Three rules govern pattern selection. Apply them in order for every new scenario.

Rule 1: Match the pattern to the constraint, not the default. The most common error is choosing a complex pattern because it feels more capable, not because the constraints require it. Start with the simplest pattern that satisfies all stated requirements. Add complexity only when a simpler approach has a documented, verifiable failure mode.

Rule 2: Name the primary trade-off explicitly. Every pattern accepts a cost. Map-Reduce accepts partial failure. Chain with Reflection accepts latency. Supervisor accepts coordination overhead. If you cannot name the trade-off you accept, you do not understand the pattern well enough to use it in production.
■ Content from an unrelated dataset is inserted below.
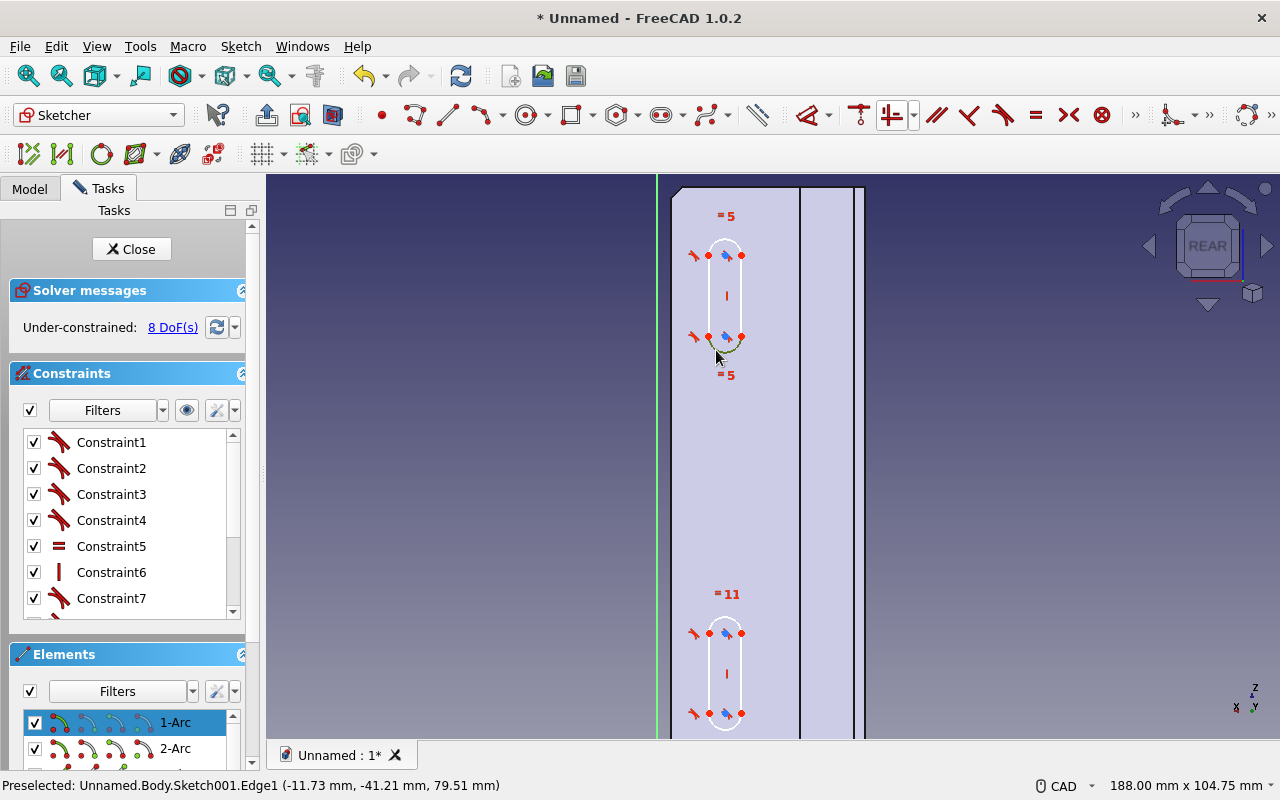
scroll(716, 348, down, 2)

The trade-off becomes the first sentence of the risk register entry for your architectural decision.

Rule 3: Security and compliance constraints are inputs, not afterthoughts.Least privilege, approval gates, audit logs, and data deletion requirements belong in the architecture from the first diagram. They cannot be retrofitted without redesigning the permission model, the logging schema, and often the data storage layer. Treat them as hard constraints equal in weight to latency and reliability.